The governance gap is that AI systems can combine access, inference, and workflow influence in ways that are harder to assess with conventional application-security reviews. For security teams, the question is no longer only whether the model works, but what it is allowed to do, what data it can reach, and how its outputs affect downstream systems.
Key questions
Q: How should security teams apply threat modeling to AI systems?
A: Security teams should model AI systems as a combination of data pipelines, inference surfaces, outputs, and connected workflows. That means mapping what the model can read, what it can generate, and what downstream actions those outputs can trigger, then adding controls for access, validation, monitoring, and approval where risk is highest.
Q: Why do AI systems create governance gaps that standard app security misses?

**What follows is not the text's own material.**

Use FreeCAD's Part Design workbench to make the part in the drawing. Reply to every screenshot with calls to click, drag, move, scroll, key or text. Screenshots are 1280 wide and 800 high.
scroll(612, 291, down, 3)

A: AI systems create governance gaps because their behavior depends on prompts, model state, external data, and connected tools, not just static code. A standard application review may miss information disclosure, prompt manipulation, or workflow abuse because the risk emerges from how the system is used at runtime.
Q: What do teams get wrong about AI threat modeling?

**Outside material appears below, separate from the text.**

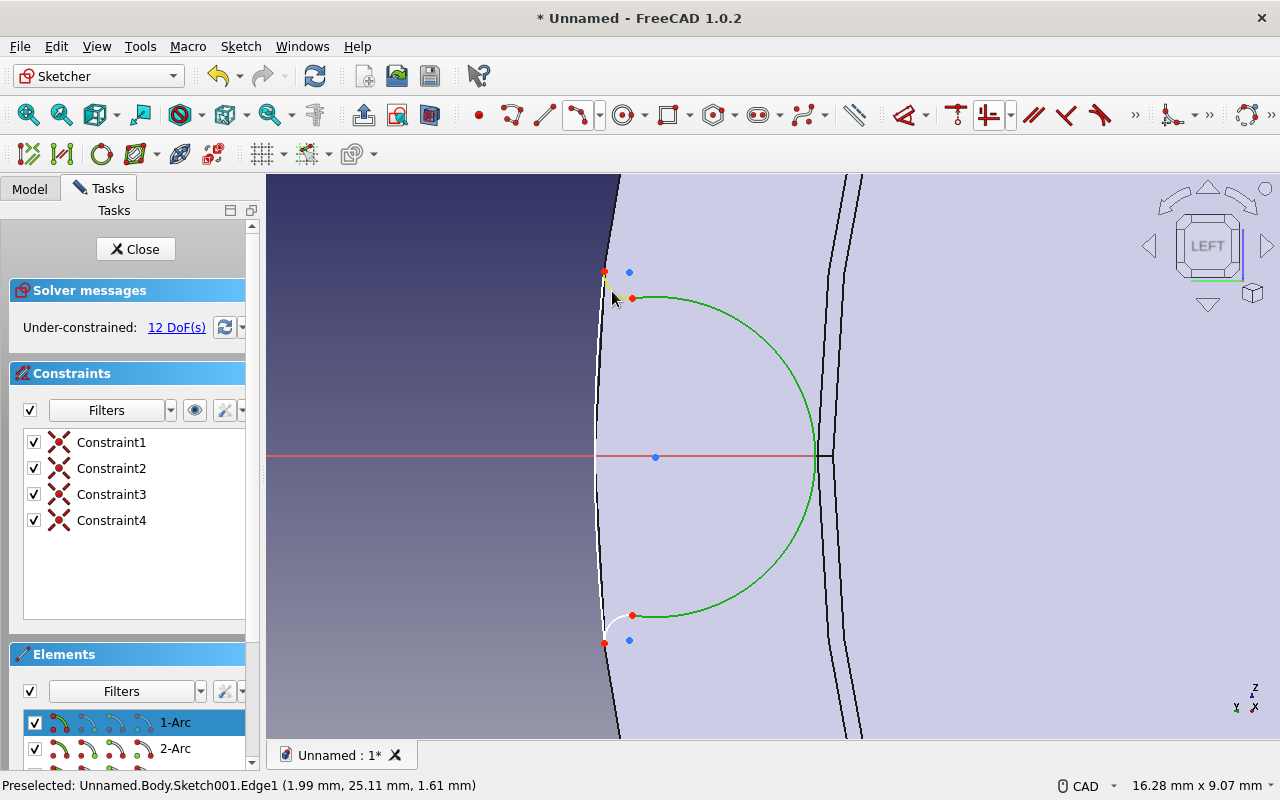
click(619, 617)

A: Teams often treat AI threat modeling as a one-time design exercise instead of a living governance process. That misses retraining, prompt updates, new integrations, and shifting access paths, which are often the real sources of risk once the AI system is in production.
Q: How can organisations know whether AI threat modeling is working?
A: AI threat modeling is working when it changes decisions about allowed data sources, approved tools, output handling, and human approval points. If the process produces diagrams but no access changes, no validation tests, and no response constraints, it is not reducing risk in practice.
Technical breakdown
AI threat modeling for model, data, and output risk
AI threat modeling treats the model, its data pipeline, and its inference surface as linked attack surfaces. That means analysing training data poisoning, prompt injection, model inversion, unauthorized inference, and sensitive output leakage as part of one system rather than separate issues. Traditional threat models often focus on code paths and infrastructure boundaries, but AI adds probabilistic behavior, external model dependencies, and output-driven misuse. The practical value is in forcing teams to map where the AI system can be influenced, what integrity controls exist, and where sensitive data can escape through responses or downstream automation.
Practical implication: Map every AI data flow and output path before deployment, then attach explicit access and validation controls to each stage.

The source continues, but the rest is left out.